The players should take an interest, and the characters must find a reason valid enough to care about it. Or they must, at least, create reasons to make their respective characters care about it.
One trick is to draw inspiration from various sources, such as:
- What do the players particularly enjoy?
- What would appeal to their characters?
- How can you associate the different characters of the story together?
The kickstart of a session is the inciting event that gets the story rolling. In a murder mystery campaign, this is usually the murder.
In an action-adventure, the kickstart could be a chase scene.

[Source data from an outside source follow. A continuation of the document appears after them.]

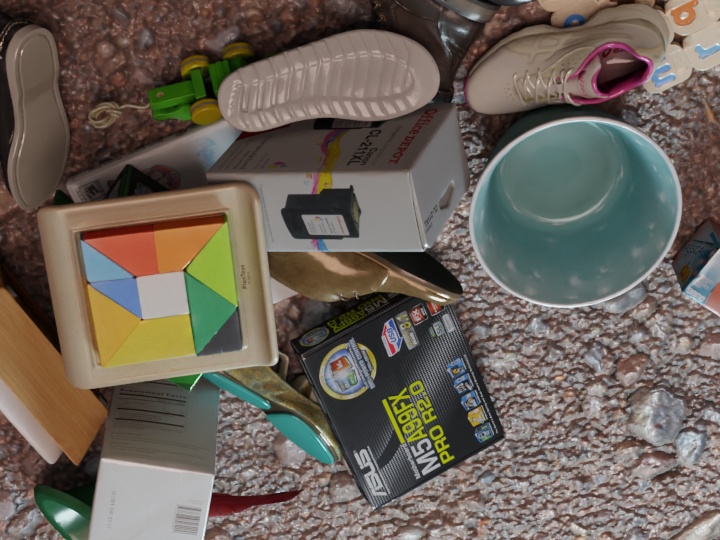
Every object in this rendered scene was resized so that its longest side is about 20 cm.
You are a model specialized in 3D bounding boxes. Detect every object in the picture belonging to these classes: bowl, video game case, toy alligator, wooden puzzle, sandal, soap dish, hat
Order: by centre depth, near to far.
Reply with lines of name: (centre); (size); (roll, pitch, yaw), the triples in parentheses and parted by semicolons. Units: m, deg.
wooden puzzle: (-0.180, 0.019, 1.606); (0.199, 0.037, 0.186); (-6, 117, 0)
sandal: (-0.029, -0.174, 1.627); (0.201, 0.050, 0.083); (-6, 98, 1)
toy alligator: (-0.153, -0.161, 1.674); (0.199, 0.060, 0.054); (-17, 157, 6)
bowl: (0.195, -0.076, 1.696); (0.200, 0.105, 0.202); (-2, 120, -3)
soap dish: (-0.330, 0.078, 1.734); (0.081, 0.157, 0.200); (-37, 114, -3)
video game case: (-0.163, -0.037, 1.750); (0.181, 0.024, 0.201); (-21, 115, 8)
hat: (-0.213, 0.228, 1.874); (0.200, 0.165, 0.176); (48, 64, -20)

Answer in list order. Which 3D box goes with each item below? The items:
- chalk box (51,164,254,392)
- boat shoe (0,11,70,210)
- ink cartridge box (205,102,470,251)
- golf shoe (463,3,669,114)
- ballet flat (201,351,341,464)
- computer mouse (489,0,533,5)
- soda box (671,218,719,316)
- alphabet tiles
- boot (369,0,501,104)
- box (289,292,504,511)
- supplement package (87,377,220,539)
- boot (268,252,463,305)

Basically, start the session in a way that matches the tone of the entire adventure and campaign.
4) Insert the Big Bad Guy (or Gal)
As the story kickstarts, it introduces a villain.
Now, it doesn’t have to be the campaign’s villain. Instead, it just needs to be a person or a thing that the players and their individual characters can latch onto to thwart or destroy.
The players need a solid “face” to pursue.
It can be a pixie or a fairy with a fiery dagger, a proud and arrogant goblin prince, a dretch with some ferocity and intelligence, or the like.
Keep it simple in the beginning.
Later, you can incorporate shadowy, nuanced villains that hint toward more significant threats.
The big bad guy or gal (BBG) doesn’t need to physically show him or herself in every session. Just remember to remind your players that the BBG it out there, actively working against them.
5) Experience Points, Rewards, and Advancement
It’s important to reward players at the end of each session.
This not only keeps players engaged but also helps to ensure that characters advance at a moderate pace.
Experience points are the primary way that characters level up in D&D.
Awarding experience points at the end of each session is a good way to keep players invested in their characters’ progression.
However, experience points are not the only form of rewards that can be given out.
Treasure, items, and the satisfaction of accomplishing something challenging are all excellent rewards that help to keep players engaged.
Ultimately, it’s up to the Dungeon Master to decide what rewards are appropriate for each session.
However, whatever rewards are given out, they should always help to keep the game fun and engaging for everyone involved.
How Long Is A DND Session?
A single DND session can last anywhere from 2 or 2.5 hours to one whole day.
It can be a real challenge to accomplish a fair amount of roleplaying in less time.
If you play a one-shot DND session, you can expect the game to be wrapped up in just one session. However, with an ongoing DND campaign session, you are likely to carry on over several sessions.
How long will your session take?
That depends on a few things:
- The breadth and complexities of the story (regardless of whether it comes from the Dungeon Master’s mind and creativity or from a pre-made DND campaign book)
- How many breaks you take
- How long each round takes
- The number of distractions (cell phone calls, bathroom breaks, snack breaks, interruptions, etc)
Depending on how frequently you play, your DND campaign session can even last several years.
The session and campaign length should all be laid out during your DND Session 0.
Can You Play DND in an Hour?
It is possible to play DND in an hour.
The truth is you can play DND in 10 minutes—you just won’t get much done.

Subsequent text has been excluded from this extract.